How can you organize your team so that the data architecture is working good for them, is being more productive for the developers, and things like that? How can we organize the data in such a way that it is productive, again, for the business users and things like that. I generally focus on that side so that the architecture is providing for the end-users in such a way that it is useful. It is making them productive. The end-users of an architecture are of course the business people, but they're developers. There are other stakeholders, there are many different kinds of stakeholders.

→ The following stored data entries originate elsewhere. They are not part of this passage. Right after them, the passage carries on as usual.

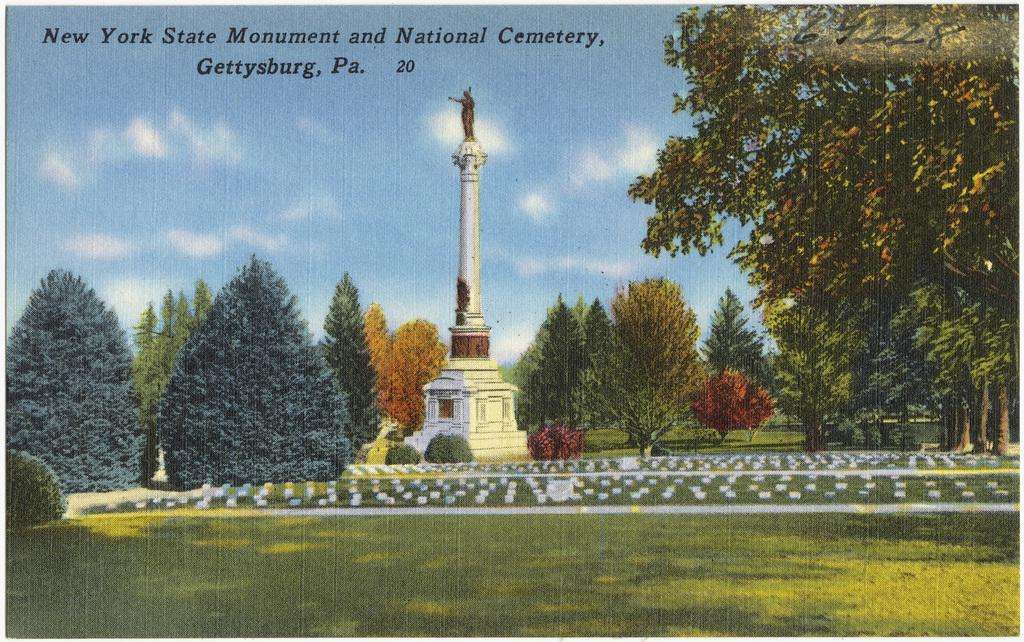What type of vegetation can be seen in the image? There are trees and plants in the image. What structure is present in the image? There is a tower in the image. What is on the ground in the image? There is grass on the ground in the image. What is the condition of the sky in the image? The sky is blue and cloudy in the image. What can be found at the top of the picture? There is text at the top of the picture. What is the chance of winning the lottery in the image? There is no mention of a lottery or any chance of winning in the image. What is the afterthought of the destruction in the image? There is no destruction or afterthought present in the image. 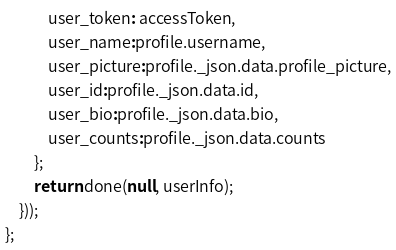<code> <loc_0><loc_0><loc_500><loc_500><_JavaScript_>			user_token: accessToken,
			user_name:profile.username,
			user_picture:profile._json.data.profile_picture,
			user_id:profile._json.data.id,
			user_bio:profile._json.data.bio,
			user_counts:profile._json.data.counts
		};
		return done(null, userInfo);
	}));
};</code> 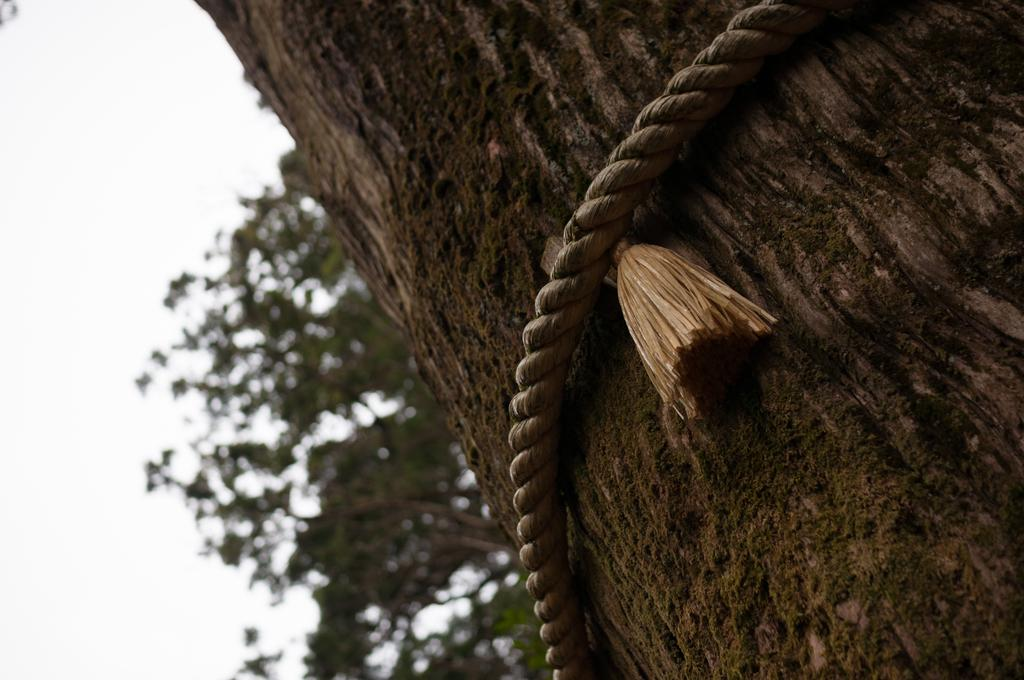What object can be seen in the image that is used for tying or securing? There is a rope in the image that is used for tying or securing. What is the rope tied to in the image? The rope is tied to a tree in the image. What type of vegetation can be seen in the background of the image? There are green leaves in the background of the image. Can you tell me how many beggars are sitting under the tree in the image? There are no beggars present in the image; it only features a rope tied to a tree and green leaves in the background. What type of connection is established between the rope and the tree in the image? The rope is physically tied to the tree, creating a connection between the two objects.

I generally tend to also work with this software. We are not necessarily fighting with the software people. Data architecture is part of software architecture. We just care more about the data and they care more about the software, so how do you come together to care about the architecture? If you look at it that way, then you can work within the team of software architecture to deliver whatever architecture the company needs or the organization needs.
Zhamak: I really want to emphasize that last point. I think data architecture or data architecture decisions should not be isolated decisions. They have to be part of a bigger picture architecture and that bigger picture architecture is both around applications, integration of their data into ML and analytics, and integration of that back into the application. Application system architecture, analytics architecture is all just one big architecture decision.
Of course, when you go deeper, you might need to make specialized decisions but a lot of the decisions are about the integration, the harmonious kind of integration of these independent pieces that need to work together. Maybe we're all talking about architecture and then yes, there are some specialized fills in the middle, but at the end of the day, we're making arch decisions.
Rebecca: Excellent. Thank you, again, Pramod, we've been cycling you through a few of these podcasts lately, and thank you, Zhamak, for joining as a guest, as opposed to a co-host on the ThoughtWorks Technology podcast. I hope people found this discussion useful. I personally found it fascinating, so thank you both Zhamak and Pramod.
Pramod: Thank you, Rebecca.
Zhamak: Thank you, Pramod and Rebecca. It was wonderful.